Recognizing the truth and significance of Jesus’ Real Presence for personal life and the life of the world is the biggest game-changer a Christian will experience. That the Church in our country has committed to a three-year process of helping Catholics awaken to this reality is one of the most consequential decisions our bishops have collectively made.
The Revival is a response to many factors: the shocking data of how the vast majority of Catholics believe the Eucharist is just bread and wine symbolic of Christ rather than the real, true and substantial presence of Christ’s body, blood, soul and divinity; the low rates of Mass attendance, where, depending upon the survey, only 16 to 24 percent of Catholics come on Sunday, even less among the young; the consequences of the scandalous shutdown of Churches during COVID, in which many faithful concluded that if the Sacraments aren’t important enough to be offered during a pandemic then they must not be so important after all, with one-third of those who were attending weekly prior to March 2020 now ceasing to come; and the accumulated impact of ineffective, unhelpful or erroneous catechesis and preaching; liturgical tepidity, abuse and irreverence; and more.
In 2022, the U.S. bishops began a long overdue, collective response to these troubling trends. They wisely didn’t limit it to a year, but stretched it to three-plus years, giving it a chance to be transformational. Over the objections of some critics and doubters, they are going full steam ahead for a national Eucharistic Congress in Indianapolis in July 2024, to be preceded by four national Eucharistic processions from the east coast, west coast, southern border and north.
Some have objected to the allocation of resources, as if the revitalization of the source and summit of Christian life and love for God should not be so high a priority or worthy of the Church’s lavish modern aromatic nard (Jn 12:3). Others have pessimistically predicted failure, commenting that the ideas for the Congress are too ambitious and the liturgical processions even crazy.
But the leaders of the Renewal, captained by Bishop Andrew Cozzens of Crookston, MN, have patiently and faithfully not taken account of the winds as they boldly lead the Church in our country to journey toward and with the Eucharistic Christ over stormy seas (Mt 14:24-33) — and at the Lord’s command, against worldly cynicism, to put out into the deep and lower the nets for a catch (Lk 5:1-11).

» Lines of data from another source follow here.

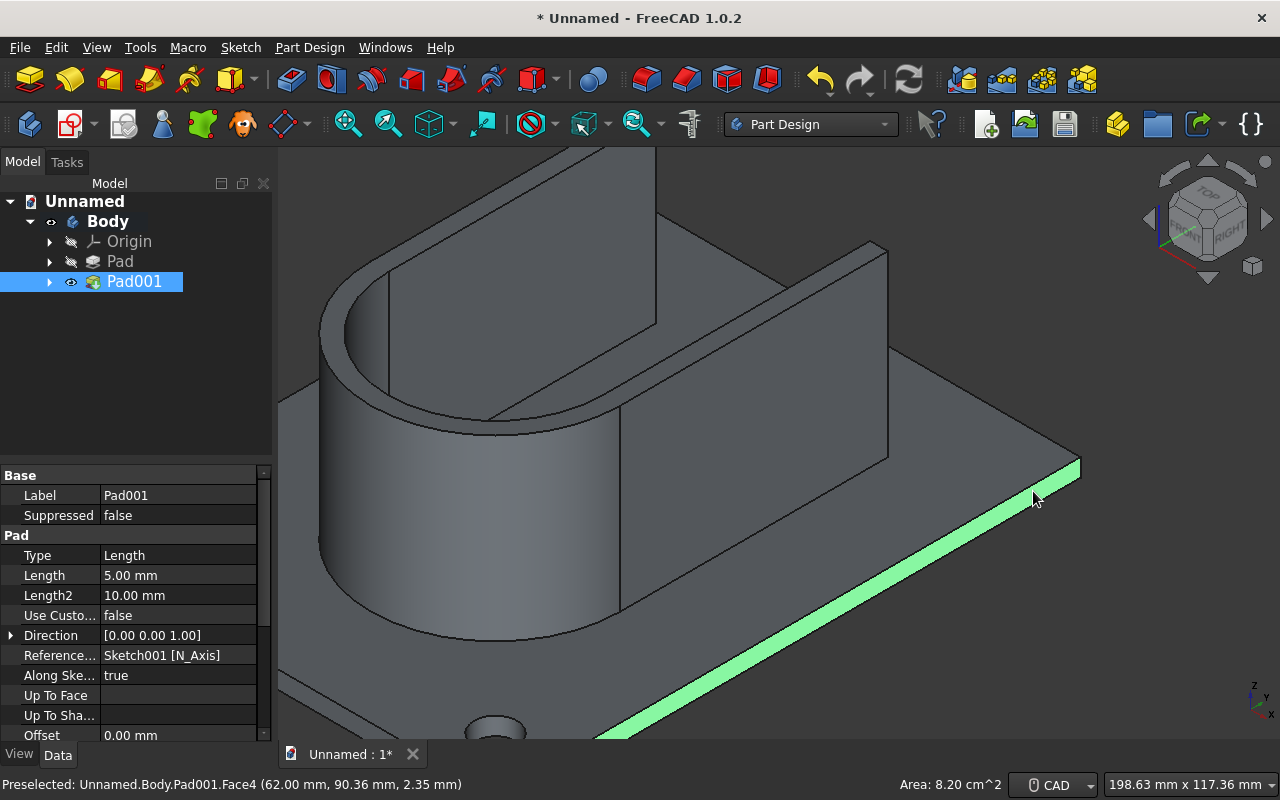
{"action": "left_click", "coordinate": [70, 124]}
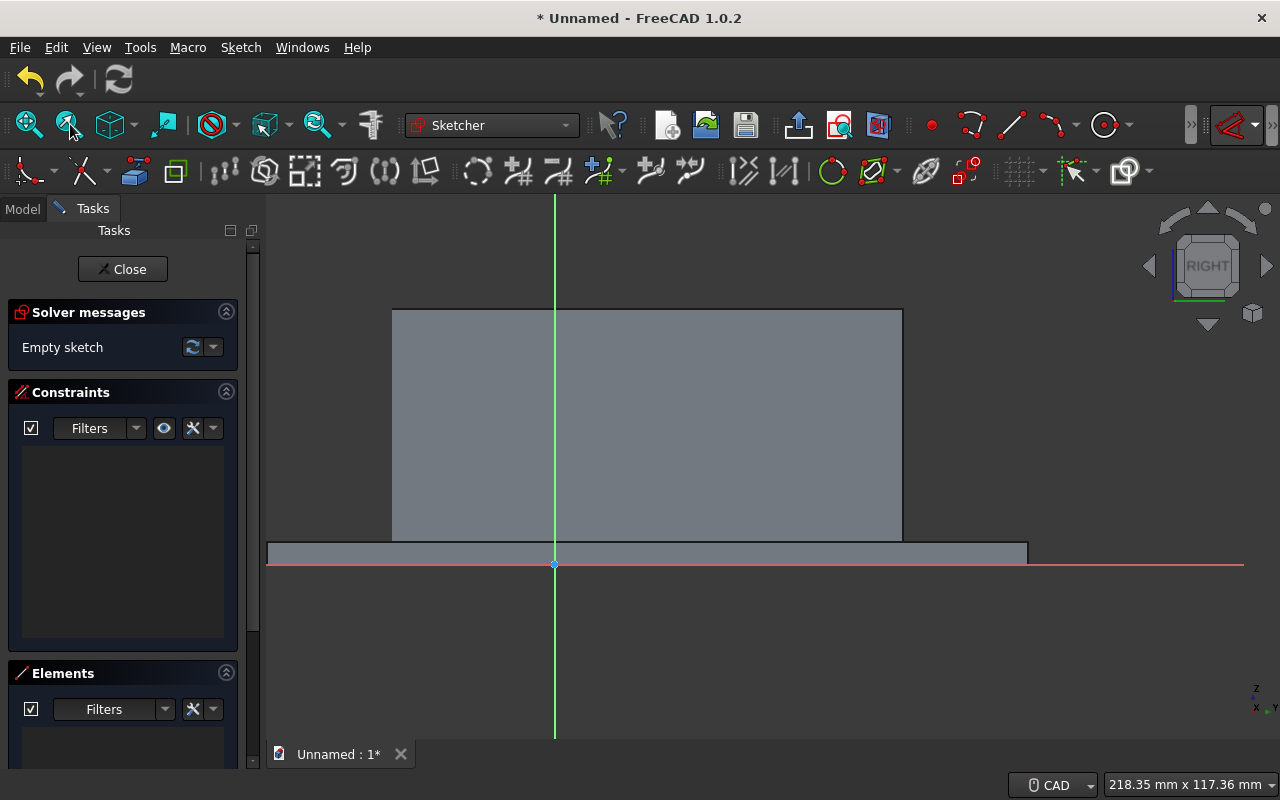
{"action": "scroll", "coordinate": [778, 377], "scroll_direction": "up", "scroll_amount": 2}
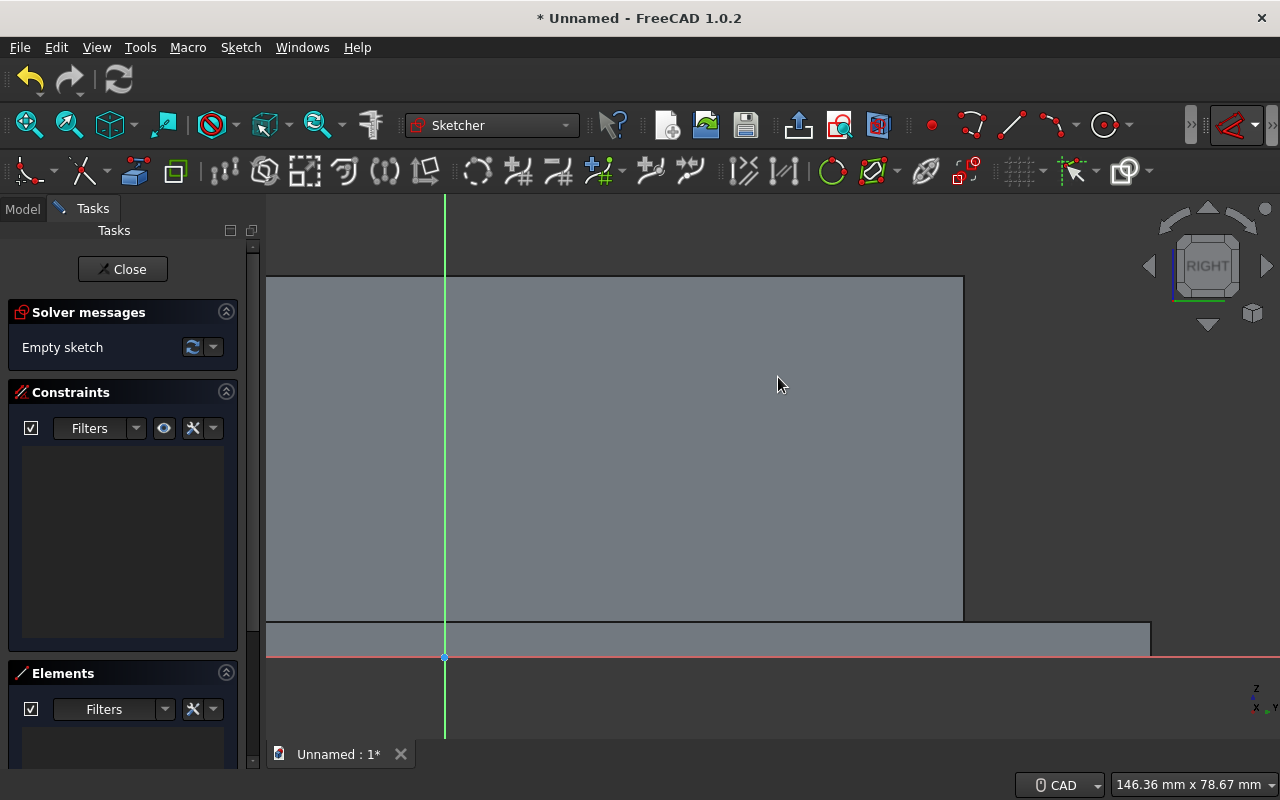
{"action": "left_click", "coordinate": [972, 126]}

The reform of the Church necessary for her to be the salt, light and leaven our culture and age needs must be fundamentally Eucharistic, because as the early Church proclaimed, the Eucharistic makes the Church. It begins with the consoling and embolding truth that the Eucharistic is not a “thing,” but Christ himself, God-with-us, full-time. The Revival puts that truth, that Person, front and center, and seeks to turn the eyes of all the faithful, in the midst of various concerns, to the one who continues to say, “Do not be afraid. It is I” (Mt 14:27).
That’s why it’s the biggest story of 2022 in the Church in America and why it deserves a big, bolded headline.